A nationwide poll of 2,500 businesses by Confedercontribuenti, an association of Italian taxpayers, has found that they are being harassed in their dealings with the country’s complex tax system, which is viewed as extremely complex and persecutory.

With the added problem that Italy lacks efficient and independent tax courts, the survey points out that the corporate taxpayer in Italy is now assailed by notices, assessments and tax bills from the system’s various tax authorities and collectors. On average, each company receives about 29 annual alerts regarding its obligations to various institutions.

Above all, it is calculated that it takes each business an average of about 250 hours per year to resolve the issues raised by the total of 13 different institutions responsible for the Italian tax and social security system – from INPS to INAIL (the social security and insurance institutions), from the Italian Revenue Agency to the Guardia di Finanza (the Italian financial police), and to Equitalia, the tax collection agency.

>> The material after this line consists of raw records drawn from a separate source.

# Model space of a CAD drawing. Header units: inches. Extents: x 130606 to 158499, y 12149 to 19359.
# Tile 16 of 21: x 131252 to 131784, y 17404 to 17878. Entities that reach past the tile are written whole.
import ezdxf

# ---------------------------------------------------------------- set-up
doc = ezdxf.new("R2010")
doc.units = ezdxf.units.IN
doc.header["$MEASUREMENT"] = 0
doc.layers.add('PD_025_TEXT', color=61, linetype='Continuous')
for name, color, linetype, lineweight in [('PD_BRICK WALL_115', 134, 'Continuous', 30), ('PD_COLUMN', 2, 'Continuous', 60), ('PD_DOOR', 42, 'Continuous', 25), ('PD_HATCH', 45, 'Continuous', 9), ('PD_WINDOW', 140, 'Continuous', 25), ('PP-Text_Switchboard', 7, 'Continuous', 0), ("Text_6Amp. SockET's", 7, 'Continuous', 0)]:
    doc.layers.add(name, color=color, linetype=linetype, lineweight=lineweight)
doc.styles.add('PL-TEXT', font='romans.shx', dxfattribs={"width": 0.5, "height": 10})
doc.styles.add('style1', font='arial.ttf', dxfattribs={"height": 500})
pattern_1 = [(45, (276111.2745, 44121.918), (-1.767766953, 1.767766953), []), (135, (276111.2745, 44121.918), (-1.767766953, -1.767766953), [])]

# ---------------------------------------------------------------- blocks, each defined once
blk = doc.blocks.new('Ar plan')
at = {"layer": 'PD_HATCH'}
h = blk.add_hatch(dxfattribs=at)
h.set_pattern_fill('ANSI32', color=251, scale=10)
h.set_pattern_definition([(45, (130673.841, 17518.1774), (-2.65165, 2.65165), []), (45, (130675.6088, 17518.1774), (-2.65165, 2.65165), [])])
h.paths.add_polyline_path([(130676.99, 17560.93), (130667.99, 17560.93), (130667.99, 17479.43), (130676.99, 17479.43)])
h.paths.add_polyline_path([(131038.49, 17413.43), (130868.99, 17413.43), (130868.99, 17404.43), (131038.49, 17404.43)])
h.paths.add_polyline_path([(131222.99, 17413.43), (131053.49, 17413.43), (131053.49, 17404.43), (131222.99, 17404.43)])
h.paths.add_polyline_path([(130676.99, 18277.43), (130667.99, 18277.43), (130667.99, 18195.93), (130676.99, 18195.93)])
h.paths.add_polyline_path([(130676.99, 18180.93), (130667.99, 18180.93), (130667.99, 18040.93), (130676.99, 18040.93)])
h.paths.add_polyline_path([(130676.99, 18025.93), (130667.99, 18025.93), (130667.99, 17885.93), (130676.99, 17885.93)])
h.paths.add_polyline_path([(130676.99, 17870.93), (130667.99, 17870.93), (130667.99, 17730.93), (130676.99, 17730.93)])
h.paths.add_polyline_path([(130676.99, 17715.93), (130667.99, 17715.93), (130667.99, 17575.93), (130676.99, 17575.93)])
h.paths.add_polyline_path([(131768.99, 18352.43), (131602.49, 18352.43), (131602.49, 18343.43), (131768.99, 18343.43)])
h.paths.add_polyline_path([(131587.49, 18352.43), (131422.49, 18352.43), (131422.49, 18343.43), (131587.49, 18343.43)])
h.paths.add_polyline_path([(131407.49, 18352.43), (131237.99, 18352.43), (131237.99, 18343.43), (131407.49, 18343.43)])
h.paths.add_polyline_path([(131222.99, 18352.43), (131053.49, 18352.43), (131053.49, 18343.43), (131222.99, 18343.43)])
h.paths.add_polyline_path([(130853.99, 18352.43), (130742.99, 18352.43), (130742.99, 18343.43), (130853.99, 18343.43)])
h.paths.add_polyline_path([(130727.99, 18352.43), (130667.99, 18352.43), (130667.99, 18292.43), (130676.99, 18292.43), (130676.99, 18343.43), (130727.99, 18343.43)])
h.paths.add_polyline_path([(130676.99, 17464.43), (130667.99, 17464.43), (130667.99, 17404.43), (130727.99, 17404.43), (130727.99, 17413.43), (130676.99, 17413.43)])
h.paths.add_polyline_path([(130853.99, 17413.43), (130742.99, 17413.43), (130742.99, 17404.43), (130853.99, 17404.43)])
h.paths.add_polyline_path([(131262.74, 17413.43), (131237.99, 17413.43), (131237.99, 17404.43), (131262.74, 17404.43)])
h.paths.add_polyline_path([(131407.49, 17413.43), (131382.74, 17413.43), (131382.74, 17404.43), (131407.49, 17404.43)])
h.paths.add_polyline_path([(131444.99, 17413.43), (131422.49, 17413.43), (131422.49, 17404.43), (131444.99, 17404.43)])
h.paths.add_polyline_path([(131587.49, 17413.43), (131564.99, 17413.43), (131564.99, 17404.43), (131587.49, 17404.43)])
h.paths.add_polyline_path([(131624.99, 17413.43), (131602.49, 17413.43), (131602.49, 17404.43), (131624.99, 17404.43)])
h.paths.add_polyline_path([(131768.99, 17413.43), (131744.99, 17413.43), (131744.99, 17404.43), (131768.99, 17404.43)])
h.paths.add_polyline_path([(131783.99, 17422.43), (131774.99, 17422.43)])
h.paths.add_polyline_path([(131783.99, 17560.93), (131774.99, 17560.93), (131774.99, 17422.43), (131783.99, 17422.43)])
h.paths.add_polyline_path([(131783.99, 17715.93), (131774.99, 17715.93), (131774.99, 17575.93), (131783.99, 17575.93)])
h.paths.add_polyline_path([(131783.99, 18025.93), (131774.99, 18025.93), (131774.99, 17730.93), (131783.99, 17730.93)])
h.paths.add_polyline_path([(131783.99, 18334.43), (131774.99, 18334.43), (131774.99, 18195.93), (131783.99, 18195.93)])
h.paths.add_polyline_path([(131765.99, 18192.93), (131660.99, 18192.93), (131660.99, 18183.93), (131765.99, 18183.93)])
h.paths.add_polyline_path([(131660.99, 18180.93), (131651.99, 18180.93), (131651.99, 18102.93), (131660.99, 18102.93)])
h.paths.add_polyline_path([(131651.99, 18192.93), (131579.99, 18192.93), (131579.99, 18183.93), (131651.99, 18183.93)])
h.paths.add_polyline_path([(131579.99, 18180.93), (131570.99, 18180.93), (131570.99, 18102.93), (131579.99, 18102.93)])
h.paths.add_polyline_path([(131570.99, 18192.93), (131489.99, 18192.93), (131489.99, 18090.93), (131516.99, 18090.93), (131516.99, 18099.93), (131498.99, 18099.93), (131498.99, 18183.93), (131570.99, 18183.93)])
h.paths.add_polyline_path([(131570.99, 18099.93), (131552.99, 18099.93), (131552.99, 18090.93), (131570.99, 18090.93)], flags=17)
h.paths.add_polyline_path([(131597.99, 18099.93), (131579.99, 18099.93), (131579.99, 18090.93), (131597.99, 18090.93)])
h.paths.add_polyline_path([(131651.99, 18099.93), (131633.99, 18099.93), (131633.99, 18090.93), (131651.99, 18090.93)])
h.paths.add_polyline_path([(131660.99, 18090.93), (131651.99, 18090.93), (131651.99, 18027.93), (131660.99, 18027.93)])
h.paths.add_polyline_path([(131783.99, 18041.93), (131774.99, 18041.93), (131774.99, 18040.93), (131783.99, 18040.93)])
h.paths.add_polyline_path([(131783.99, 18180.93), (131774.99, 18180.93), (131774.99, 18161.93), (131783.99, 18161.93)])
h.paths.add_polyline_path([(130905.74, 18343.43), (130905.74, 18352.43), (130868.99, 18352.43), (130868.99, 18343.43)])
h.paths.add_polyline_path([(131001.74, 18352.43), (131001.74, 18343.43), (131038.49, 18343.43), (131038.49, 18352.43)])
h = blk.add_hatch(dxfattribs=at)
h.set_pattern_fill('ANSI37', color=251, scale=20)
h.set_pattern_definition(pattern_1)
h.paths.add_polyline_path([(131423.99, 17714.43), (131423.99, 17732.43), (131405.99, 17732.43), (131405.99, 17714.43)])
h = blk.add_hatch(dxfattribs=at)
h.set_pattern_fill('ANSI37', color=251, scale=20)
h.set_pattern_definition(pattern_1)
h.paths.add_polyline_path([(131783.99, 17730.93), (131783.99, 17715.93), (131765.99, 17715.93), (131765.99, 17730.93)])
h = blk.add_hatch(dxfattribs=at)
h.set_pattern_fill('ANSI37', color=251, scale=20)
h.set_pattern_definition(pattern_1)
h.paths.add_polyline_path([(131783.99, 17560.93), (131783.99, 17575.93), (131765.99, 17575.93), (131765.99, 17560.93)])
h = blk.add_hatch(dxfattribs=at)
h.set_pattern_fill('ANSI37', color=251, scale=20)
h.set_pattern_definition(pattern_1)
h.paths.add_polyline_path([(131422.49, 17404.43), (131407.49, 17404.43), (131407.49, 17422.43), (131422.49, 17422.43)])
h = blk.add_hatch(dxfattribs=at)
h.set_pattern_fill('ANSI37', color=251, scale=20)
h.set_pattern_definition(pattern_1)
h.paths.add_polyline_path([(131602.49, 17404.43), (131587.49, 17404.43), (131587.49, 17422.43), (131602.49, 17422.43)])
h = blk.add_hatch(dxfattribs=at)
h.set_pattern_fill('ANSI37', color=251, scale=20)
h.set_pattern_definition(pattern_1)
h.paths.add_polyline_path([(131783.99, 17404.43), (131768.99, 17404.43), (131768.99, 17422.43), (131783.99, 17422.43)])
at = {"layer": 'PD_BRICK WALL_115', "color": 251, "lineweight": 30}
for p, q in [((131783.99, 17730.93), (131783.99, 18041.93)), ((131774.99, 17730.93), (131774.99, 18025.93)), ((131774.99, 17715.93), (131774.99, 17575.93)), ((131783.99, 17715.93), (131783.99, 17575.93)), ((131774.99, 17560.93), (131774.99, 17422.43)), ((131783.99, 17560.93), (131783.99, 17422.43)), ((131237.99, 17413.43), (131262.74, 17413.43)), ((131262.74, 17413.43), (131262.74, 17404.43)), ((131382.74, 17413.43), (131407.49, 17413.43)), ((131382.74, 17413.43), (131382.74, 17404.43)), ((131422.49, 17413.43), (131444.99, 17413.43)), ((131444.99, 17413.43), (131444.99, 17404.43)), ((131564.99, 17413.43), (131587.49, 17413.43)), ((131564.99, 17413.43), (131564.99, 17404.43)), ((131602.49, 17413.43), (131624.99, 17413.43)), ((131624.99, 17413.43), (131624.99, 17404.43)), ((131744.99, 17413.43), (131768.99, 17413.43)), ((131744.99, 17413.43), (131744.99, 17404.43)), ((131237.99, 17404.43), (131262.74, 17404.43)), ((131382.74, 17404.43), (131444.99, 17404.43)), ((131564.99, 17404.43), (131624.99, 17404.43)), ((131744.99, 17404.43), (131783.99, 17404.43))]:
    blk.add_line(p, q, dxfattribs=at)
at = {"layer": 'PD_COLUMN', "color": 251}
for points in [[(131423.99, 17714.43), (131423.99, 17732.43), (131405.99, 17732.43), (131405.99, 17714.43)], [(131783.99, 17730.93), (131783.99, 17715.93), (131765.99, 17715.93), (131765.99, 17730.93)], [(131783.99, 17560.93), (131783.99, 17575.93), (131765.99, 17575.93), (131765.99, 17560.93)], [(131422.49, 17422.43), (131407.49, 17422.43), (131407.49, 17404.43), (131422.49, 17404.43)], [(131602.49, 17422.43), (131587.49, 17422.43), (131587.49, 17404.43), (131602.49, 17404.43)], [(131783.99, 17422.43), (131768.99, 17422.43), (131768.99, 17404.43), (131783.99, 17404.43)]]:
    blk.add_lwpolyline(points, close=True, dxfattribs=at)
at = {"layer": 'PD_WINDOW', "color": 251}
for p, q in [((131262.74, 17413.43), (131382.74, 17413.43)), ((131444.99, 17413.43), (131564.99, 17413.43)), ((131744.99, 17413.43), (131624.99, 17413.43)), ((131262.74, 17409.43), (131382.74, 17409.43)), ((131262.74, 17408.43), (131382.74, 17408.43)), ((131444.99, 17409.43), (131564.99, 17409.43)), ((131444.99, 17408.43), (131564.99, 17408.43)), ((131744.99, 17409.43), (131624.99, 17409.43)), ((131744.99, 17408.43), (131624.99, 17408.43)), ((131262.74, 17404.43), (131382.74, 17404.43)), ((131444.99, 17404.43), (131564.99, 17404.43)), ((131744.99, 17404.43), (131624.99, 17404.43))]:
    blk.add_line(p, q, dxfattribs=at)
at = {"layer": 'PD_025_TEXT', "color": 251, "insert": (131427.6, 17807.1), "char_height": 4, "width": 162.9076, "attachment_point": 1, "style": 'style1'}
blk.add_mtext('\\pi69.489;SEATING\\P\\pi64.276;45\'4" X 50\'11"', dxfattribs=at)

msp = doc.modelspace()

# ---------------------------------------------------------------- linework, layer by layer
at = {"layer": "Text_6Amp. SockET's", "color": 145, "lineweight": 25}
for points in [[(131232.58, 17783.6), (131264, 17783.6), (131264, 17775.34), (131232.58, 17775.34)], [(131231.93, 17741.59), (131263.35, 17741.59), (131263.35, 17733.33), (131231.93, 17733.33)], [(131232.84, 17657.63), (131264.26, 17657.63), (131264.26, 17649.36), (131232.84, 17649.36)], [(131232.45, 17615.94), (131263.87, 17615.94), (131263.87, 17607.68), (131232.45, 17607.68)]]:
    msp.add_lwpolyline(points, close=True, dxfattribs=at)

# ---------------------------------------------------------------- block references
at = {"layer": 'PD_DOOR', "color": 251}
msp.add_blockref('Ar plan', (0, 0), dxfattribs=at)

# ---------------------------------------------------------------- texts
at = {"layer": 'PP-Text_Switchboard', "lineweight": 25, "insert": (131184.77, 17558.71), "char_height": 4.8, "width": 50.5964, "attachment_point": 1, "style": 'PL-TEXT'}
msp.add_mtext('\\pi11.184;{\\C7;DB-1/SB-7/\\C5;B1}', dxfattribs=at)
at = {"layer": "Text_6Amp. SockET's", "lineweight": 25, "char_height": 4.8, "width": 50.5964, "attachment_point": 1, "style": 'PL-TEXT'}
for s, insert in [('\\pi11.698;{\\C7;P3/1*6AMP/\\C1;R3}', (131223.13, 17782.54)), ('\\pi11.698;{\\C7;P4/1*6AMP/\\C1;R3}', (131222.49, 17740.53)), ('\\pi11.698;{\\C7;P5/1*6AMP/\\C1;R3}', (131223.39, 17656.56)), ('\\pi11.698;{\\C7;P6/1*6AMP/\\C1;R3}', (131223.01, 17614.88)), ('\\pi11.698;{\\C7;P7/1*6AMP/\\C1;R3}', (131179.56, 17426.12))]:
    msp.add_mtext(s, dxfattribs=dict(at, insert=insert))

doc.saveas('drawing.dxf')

All of the institutions (not to mention those involved in health and safety at work) may raise questions throughout the year.

The survey also showed that 76% of business owners begin their working day with the worry of receiving a visit from some inspecting body or another, or of a communication received relating to a supposed irregularity from a tax authority.

What emerges from the survey, said Carmelo Finocchiaro, Confedercontribuenti’s President, is a serious obstacle to the development of businesses. Their owners, forced to resolve a series of other obligations, have inevitably to reduce the time they can spend on production and on business development.

The association is asking the new Parliament, after the general election, to address the issue of business taxation in a decisive manner. The current system is said to need effective simplification, a rationalization of the agencies involved in investigations, and a serious reform of the tax courts. The current “vexatious system weighs more than the enormous tax burden it supports. Its change can no longer be delayed.”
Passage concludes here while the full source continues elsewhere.